_What the task requires:_
The answer must be exactly the lines from the one containing "The lines that follow mark damaged" through the end of the material, with both ends kept and no other lines.

________

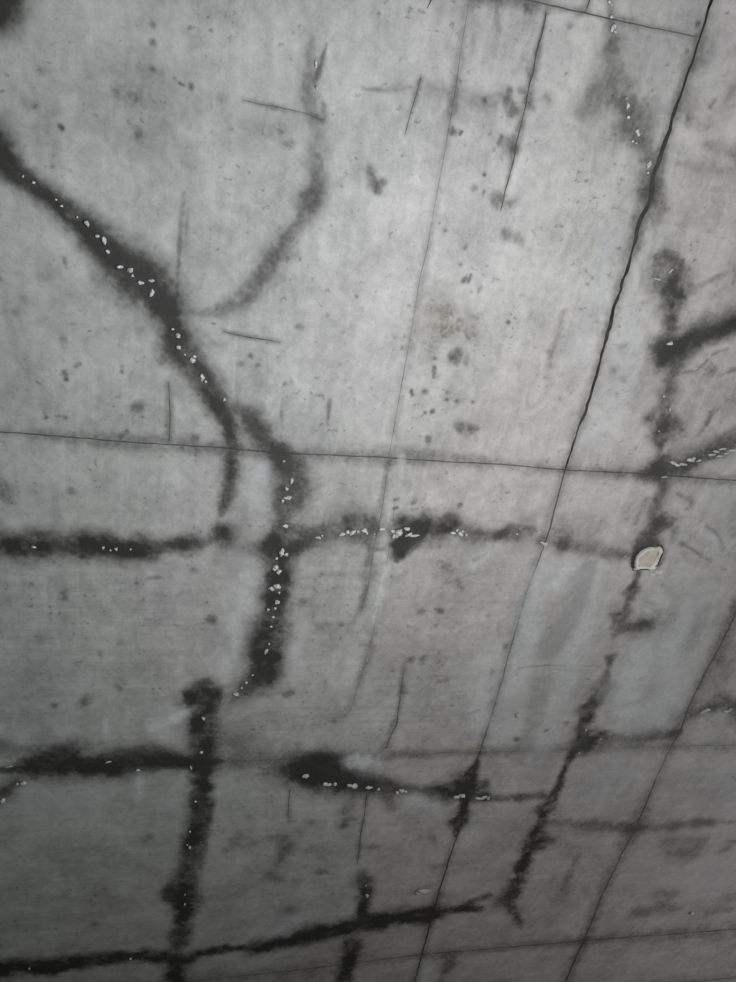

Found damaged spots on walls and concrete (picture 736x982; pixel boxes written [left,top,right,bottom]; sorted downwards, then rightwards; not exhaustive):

damp [0,0,24,32]
crack [500,13,547,211]
damp [0,129,530,982]
damp [540,538,577,552]
damp [613,251,736,631]
damp [279,694,613,924]
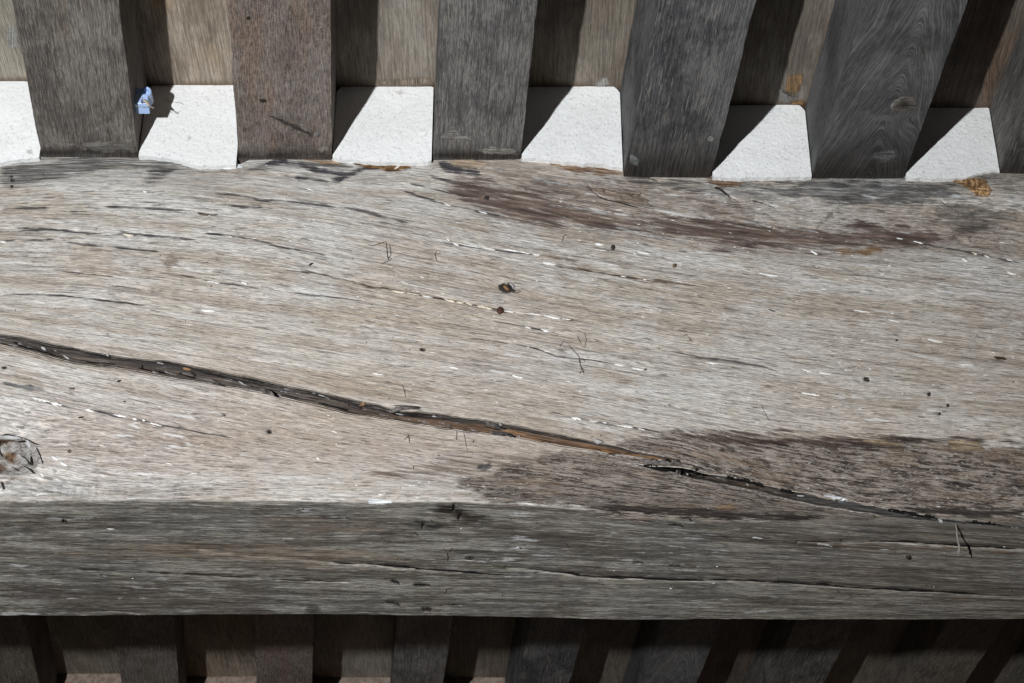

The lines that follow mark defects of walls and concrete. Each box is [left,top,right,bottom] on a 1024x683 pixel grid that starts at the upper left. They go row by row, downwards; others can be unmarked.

water stain [449,160,960,256]
crack [0,335,1024,551]
water stain [687,429,986,448]
water stain [374,455,541,480]
water stain [567,503,822,521]
water stain [903,507,1024,519]
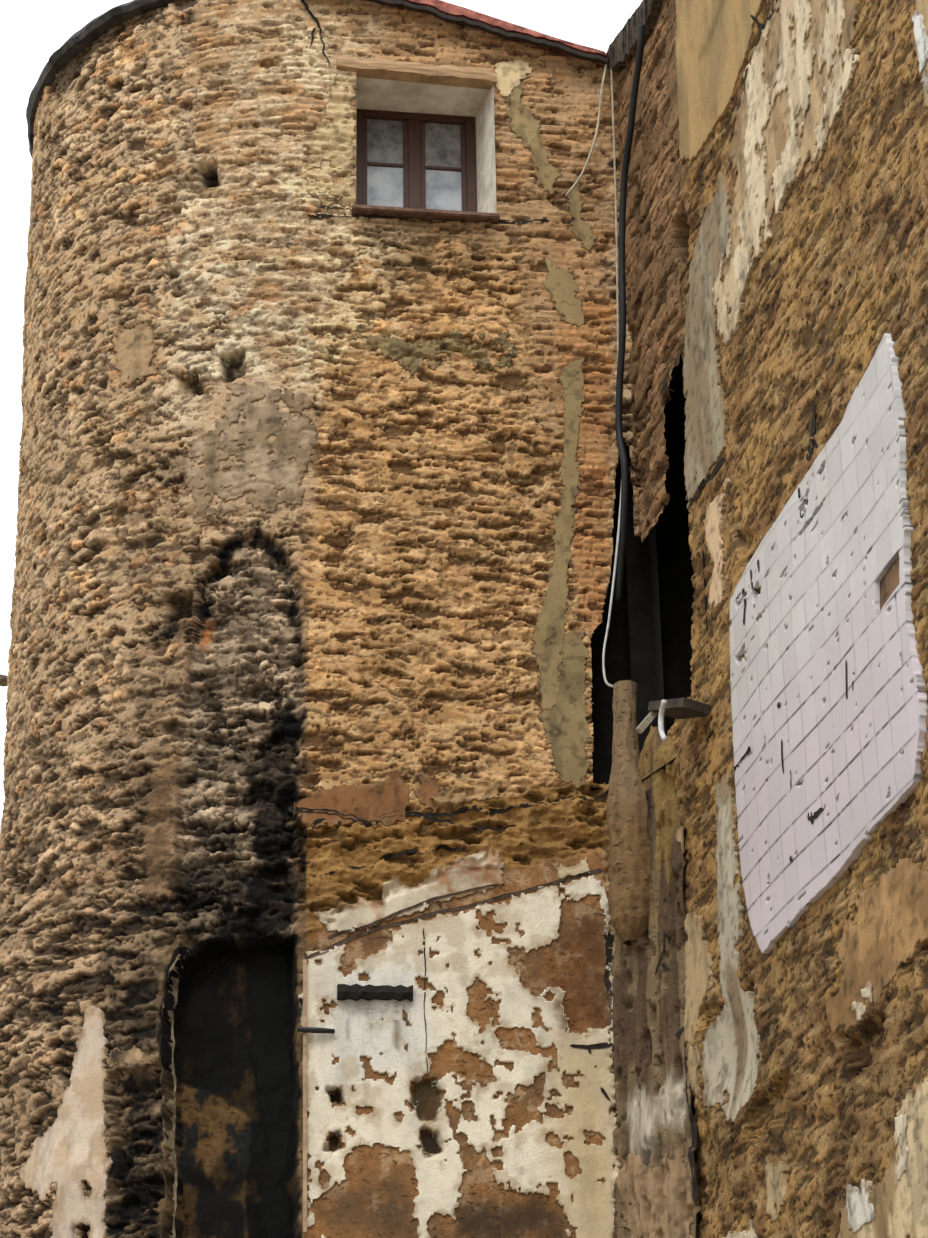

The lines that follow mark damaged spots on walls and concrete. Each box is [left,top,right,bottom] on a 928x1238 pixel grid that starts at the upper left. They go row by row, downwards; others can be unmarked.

crack [301,0,330,64]
peeling [626,0,860,752]
damp [153,616,178,646]
damp [286,581,306,663]
spalling [880,557,899,610]
damp [177,877,274,946]
peeling [683,774,762,1122]
peeling [20,1006,152,1238]
damp [175,940,303,1238]
peeling [298,846,696,1238]
peeling [838,1079,928,1238]

________

_Solution below:_
The lines that follow mark damaged spots on walls and concrete. Each box is [left,top,right,bottom] on a 928x1238 pixel grid that starts at the upper left. They go row by row, downwards; others can be unmarked.

crack [301,0,330,64]
peeling [626,0,860,752]
damp [153,616,178,646]
damp [286,581,306,663]
spalling [880,557,899,610]
damp [177,877,274,946]
peeling [683,774,762,1122]
peeling [20,1006,152,1238]
damp [175,940,303,1238]
peeling [298,846,696,1238]
peeling [838,1079,928,1238]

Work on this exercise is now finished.